### What is needed
Your task is to transcribe the entries below exactly, beginning with the line containing "4. outline: (-5, -322.93)" and ending with the final line, and to add nothing else.

════════════════

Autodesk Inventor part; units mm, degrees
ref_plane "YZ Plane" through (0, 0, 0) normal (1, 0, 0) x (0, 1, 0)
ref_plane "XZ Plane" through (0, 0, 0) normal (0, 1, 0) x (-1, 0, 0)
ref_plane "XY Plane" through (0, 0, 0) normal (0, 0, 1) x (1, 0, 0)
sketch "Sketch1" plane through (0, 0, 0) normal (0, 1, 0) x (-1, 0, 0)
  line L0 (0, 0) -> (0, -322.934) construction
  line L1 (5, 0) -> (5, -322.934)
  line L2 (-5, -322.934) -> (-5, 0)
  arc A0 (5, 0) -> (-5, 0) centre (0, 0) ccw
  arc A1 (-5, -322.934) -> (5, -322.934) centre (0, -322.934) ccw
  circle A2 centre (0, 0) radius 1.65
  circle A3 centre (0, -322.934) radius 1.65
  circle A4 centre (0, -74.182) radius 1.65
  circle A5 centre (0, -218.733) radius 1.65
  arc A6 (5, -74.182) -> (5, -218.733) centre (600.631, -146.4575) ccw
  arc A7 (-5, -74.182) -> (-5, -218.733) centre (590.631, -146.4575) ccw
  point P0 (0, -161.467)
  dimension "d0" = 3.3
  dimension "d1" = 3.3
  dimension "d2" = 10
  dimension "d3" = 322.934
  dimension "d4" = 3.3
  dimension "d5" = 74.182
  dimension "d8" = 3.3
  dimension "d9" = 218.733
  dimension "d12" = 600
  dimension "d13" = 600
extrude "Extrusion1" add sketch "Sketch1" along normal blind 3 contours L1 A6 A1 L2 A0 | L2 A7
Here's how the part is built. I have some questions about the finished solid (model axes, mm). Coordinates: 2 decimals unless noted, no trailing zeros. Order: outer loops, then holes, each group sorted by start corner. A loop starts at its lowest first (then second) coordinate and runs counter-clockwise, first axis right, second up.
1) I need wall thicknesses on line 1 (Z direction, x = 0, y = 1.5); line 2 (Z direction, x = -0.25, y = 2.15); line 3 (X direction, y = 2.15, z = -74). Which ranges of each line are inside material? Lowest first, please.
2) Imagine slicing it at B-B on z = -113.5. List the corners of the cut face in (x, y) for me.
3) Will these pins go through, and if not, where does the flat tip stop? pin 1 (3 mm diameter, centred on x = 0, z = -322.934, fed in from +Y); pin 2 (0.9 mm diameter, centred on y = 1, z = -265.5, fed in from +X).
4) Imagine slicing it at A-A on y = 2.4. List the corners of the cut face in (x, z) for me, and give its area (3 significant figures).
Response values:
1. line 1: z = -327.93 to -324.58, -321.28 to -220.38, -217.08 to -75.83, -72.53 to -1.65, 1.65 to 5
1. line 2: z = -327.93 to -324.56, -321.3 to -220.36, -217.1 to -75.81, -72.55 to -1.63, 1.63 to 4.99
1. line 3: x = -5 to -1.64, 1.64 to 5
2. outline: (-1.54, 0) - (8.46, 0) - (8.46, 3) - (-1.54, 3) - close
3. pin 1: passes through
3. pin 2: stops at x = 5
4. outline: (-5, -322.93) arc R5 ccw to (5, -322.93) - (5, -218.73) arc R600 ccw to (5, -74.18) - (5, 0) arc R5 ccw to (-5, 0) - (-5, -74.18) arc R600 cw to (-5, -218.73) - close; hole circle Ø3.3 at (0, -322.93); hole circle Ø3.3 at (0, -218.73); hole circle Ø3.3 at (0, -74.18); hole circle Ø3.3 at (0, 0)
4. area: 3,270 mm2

════════════════

### Answer to this task
4. outline: (-5, -322.93) arc R5 ccw to (5, -322.93) - (5, -218.73) arc R600 ccw to (5, -74.18) - (5, 0) arc R5 ccw to (-5, 0) - (-5, -74.18) arc R600 cw to (-5, -218.73) - close; hole circle Ø3.3 at (0, -322.93); hole circle Ø3.3 at (0, -218.73); hole circle Ø3.3 at (0, -74.18); hole circle Ø3.3 at (0, 0)
4. area: 3,270 mm2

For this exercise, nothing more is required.